Rather than being lambasted for his false and hateful work, Isaac has been invited to speak at mainline Christian churches in the United States and has received a great deal of positive press. He has been joined by the Revs. Naim Ateek and Mitri Raheb in being elevated for hateful assertions about Israel and Jews.

Everyone in his conflict deserves better. We start by looking on with care, not contempt, at our present. We continue forward by seeing our past with as much clarity as possible — not projections upon it based on political ambitions and theological inconsistencies.

One can empathize with the suffering of Palestinians and acknowledge that Palestinians have developed national identities and connections to the land. But one must not do so by resurrecting anti-Jewish tropes and erasing the continuous Jewish connection to and presence in the land of Israel since Biblical times.

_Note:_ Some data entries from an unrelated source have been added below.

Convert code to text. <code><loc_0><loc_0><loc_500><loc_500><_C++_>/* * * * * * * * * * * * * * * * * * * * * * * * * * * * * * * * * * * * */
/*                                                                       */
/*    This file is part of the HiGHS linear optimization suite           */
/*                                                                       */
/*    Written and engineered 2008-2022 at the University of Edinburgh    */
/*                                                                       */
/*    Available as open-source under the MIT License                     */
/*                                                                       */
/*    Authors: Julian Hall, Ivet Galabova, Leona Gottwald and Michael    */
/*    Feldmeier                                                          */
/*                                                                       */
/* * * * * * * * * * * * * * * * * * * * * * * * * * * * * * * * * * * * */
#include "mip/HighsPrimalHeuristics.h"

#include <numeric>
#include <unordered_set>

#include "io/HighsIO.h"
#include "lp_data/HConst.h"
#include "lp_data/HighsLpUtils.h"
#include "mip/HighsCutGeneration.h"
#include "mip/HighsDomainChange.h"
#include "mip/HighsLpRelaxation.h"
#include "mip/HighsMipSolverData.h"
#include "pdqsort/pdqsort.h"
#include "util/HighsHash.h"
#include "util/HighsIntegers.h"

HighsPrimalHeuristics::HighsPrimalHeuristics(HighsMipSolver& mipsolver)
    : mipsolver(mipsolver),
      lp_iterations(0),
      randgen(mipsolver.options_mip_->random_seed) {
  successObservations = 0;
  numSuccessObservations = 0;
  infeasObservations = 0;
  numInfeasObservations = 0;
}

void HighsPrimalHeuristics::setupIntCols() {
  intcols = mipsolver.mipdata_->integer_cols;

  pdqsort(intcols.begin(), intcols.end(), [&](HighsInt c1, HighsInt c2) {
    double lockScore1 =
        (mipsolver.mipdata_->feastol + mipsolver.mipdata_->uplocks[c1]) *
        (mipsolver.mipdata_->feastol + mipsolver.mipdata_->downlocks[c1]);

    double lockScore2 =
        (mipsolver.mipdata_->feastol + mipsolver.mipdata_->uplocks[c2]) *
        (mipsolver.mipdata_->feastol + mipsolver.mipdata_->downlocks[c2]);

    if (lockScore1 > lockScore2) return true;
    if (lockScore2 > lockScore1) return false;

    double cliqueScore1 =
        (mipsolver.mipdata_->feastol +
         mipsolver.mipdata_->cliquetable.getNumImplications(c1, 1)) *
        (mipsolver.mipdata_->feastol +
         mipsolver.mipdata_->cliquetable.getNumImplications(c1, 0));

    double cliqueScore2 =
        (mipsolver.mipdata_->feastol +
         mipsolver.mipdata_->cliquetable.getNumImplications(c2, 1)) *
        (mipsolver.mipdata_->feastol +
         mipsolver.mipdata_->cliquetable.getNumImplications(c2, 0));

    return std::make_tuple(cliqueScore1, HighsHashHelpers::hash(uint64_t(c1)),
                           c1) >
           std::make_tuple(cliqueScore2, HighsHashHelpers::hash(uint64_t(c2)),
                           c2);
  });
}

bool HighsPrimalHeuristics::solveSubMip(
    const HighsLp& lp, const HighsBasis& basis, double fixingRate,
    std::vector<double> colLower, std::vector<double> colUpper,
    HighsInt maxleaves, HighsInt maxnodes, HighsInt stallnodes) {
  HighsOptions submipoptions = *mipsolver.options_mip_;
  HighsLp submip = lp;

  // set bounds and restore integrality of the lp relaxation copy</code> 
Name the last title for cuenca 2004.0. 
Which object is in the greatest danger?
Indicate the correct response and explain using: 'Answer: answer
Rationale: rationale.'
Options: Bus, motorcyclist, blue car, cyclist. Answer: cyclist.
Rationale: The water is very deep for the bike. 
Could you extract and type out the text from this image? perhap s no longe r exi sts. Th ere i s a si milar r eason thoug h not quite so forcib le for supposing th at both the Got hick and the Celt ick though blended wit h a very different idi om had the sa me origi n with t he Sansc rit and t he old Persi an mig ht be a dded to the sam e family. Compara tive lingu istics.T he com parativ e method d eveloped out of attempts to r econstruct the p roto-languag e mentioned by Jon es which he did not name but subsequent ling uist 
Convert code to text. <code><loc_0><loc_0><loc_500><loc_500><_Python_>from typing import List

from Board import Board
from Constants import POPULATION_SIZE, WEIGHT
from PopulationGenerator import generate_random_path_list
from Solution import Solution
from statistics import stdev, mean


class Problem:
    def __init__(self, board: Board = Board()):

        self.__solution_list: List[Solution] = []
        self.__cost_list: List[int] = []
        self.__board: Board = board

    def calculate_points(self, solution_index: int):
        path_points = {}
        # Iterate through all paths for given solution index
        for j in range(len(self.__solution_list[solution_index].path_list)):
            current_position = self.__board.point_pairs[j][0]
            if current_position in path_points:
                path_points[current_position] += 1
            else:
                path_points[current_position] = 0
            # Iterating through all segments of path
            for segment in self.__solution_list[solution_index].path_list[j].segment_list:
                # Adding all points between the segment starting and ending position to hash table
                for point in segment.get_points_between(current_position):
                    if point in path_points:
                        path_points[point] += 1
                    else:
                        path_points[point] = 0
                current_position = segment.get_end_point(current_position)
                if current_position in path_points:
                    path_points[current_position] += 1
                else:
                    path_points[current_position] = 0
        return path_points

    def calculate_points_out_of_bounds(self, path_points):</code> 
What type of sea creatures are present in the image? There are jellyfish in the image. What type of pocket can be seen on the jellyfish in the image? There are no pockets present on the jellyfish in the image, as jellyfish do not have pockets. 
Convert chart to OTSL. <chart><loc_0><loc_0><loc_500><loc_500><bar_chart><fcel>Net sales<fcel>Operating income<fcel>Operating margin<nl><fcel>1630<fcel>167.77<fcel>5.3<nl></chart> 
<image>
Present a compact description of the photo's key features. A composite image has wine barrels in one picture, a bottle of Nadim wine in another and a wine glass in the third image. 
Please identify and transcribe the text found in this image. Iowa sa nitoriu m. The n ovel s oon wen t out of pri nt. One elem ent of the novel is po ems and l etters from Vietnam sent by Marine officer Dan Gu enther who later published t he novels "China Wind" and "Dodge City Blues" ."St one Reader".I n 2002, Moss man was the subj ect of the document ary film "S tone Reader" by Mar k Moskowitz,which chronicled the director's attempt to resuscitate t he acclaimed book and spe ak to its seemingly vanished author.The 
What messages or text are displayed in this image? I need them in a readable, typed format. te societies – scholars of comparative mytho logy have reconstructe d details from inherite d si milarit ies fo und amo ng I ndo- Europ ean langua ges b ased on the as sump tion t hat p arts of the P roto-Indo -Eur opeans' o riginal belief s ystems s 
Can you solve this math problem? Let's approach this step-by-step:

Doing so is antisemitic and undermines Christianity itself.



Erasing Jewish history and the continual connection of Jews to the land of Israel — both physically through continual presence in Israel and emotionally through holidays, rituals, prayers and theologies — defies credulity and undermines the importance of Jesus’ story. 


(Bishop Robert Stearns is founder and executive director of Eagles’ Wings and pastor of The Tabernacle in Orchard Park, New York. Rabbi Joshua Stanton is Jewish Federations’ associate vice president for interfaith and intergroup initiatives. The views expressed in this commentary do not necessarily reflect those of Religion News Service.)